= Ó Maolmhuaidh =

Maolmhuaidh is an Irish surname, generally anglicised as Molloy or Mulloy. Like other Irish surnames, Maolmhuaidh is patronymic. The male version is Ó Maolmhuaidh with the name in the genitive or possessive case preceded by ("ó" or “ua” meaning "grandson or descendant"); the female versions is Ní Mhaolmhuaidh ("ní" a contraction of “iníon” meaning "daughter”, there is no equivalent of Mrs as women in gaelic society retained their maiden names after marriage); the family or house name is Uí Mhaolmhuaidh “uí” being the plural of “ua” or “ó”.
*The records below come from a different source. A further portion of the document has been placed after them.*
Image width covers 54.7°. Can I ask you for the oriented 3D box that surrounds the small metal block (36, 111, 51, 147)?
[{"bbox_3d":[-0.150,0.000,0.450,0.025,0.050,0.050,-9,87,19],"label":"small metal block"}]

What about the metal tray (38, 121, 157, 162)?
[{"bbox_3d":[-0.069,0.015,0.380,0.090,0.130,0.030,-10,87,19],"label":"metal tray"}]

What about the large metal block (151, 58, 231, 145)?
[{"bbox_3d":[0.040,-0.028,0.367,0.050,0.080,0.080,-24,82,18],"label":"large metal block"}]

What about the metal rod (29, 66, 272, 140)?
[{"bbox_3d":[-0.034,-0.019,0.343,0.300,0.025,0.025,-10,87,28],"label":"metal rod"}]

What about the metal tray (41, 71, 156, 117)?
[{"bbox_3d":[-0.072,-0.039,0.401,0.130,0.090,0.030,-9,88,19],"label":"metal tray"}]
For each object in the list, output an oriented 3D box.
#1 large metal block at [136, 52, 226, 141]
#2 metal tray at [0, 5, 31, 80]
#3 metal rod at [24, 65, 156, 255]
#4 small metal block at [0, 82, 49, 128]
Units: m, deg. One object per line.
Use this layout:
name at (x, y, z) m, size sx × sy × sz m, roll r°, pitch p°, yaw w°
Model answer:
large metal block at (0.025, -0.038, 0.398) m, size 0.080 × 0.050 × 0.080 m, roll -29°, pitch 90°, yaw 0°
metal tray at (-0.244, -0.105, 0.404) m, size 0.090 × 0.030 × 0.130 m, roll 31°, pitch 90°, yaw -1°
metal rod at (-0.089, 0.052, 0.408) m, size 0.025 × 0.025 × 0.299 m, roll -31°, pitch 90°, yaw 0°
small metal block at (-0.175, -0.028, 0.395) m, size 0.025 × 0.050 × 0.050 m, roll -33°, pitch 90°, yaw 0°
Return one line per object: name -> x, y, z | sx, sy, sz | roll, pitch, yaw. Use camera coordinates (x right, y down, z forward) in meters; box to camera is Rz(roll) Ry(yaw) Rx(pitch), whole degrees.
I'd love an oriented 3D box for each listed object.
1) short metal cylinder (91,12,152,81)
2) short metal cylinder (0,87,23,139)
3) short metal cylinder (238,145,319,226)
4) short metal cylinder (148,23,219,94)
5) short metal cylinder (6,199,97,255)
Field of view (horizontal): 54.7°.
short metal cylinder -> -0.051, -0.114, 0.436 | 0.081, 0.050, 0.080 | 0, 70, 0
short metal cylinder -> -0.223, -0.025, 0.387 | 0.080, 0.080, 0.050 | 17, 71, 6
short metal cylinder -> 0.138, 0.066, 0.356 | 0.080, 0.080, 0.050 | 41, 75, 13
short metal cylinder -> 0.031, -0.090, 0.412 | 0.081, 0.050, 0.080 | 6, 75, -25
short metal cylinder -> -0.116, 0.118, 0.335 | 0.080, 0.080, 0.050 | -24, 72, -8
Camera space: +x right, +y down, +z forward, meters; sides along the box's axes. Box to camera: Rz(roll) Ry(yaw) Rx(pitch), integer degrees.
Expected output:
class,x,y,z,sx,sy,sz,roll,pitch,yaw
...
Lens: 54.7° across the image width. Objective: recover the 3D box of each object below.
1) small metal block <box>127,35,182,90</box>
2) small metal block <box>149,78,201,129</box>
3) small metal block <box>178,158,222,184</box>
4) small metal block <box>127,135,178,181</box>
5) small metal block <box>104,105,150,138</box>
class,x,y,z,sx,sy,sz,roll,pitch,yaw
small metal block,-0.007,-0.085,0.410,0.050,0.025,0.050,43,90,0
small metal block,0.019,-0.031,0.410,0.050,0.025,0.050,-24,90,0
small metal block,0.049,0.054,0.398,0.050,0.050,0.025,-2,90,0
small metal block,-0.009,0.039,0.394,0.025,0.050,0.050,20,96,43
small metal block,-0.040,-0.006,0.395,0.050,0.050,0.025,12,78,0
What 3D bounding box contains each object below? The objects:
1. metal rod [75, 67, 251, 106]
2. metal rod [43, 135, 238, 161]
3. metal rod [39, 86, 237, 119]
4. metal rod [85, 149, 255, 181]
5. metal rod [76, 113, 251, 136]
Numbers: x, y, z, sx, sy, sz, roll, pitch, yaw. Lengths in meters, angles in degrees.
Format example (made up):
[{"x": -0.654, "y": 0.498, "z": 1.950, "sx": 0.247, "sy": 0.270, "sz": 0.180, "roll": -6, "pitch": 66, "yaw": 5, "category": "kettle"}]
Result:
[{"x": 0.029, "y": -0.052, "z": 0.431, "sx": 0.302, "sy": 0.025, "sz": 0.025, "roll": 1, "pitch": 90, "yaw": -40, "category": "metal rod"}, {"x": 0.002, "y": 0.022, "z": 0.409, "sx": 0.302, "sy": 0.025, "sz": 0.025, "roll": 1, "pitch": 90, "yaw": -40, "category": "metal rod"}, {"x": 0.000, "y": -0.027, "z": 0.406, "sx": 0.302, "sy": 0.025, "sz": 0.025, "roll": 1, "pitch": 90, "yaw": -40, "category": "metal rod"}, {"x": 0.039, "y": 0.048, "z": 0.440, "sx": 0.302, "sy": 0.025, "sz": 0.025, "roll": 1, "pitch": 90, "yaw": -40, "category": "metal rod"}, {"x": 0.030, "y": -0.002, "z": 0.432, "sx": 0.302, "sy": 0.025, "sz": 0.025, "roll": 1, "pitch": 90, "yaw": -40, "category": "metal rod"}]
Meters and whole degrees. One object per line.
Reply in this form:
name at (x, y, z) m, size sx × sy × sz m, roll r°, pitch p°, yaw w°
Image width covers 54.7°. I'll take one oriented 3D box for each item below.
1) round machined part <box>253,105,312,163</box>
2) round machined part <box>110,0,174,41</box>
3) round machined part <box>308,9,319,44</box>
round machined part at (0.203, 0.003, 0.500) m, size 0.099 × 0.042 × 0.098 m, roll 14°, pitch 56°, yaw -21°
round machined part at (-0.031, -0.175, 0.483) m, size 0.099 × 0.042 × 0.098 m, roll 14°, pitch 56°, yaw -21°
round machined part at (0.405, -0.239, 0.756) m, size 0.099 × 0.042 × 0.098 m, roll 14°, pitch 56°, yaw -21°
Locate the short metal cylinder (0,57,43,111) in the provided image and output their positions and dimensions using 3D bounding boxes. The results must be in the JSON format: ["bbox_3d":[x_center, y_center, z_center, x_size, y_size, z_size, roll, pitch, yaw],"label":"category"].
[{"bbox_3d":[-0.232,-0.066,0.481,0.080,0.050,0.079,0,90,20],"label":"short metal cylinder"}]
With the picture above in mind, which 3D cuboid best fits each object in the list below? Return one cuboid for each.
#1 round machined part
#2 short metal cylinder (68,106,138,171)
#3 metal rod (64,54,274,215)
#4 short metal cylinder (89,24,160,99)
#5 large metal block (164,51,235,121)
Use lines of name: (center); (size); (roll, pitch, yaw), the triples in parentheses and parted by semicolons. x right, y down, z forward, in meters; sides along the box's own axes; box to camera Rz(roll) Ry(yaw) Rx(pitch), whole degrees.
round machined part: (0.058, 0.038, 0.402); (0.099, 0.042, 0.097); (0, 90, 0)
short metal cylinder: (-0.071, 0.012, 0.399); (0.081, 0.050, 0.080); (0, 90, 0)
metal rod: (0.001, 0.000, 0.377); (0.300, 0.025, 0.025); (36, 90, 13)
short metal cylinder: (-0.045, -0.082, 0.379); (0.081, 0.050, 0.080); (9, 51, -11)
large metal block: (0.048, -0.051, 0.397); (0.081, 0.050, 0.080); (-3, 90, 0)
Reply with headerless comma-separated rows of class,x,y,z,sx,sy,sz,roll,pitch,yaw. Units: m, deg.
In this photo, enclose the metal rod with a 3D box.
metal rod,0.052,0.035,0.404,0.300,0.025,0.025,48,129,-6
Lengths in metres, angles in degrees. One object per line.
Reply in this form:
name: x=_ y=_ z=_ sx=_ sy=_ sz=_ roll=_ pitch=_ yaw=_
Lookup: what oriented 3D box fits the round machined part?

==Ó Maolmhuaidh Fir Cell==

The Uí Maolmhuaidh of Fir Cell (men of the churches, in what is now County Offaly) claimed descent from the southern Uí Néill. The 16th-century mercenary, Captain Greene O'Mulloy, was of this family.

==Ó Maoil Aodha Oirthir Connachta==

The Uí Maoil Aodha ("descendant of the devotee of (St.) Aodh") family lived in east Connacht and is now found as both Mullee and Molloy.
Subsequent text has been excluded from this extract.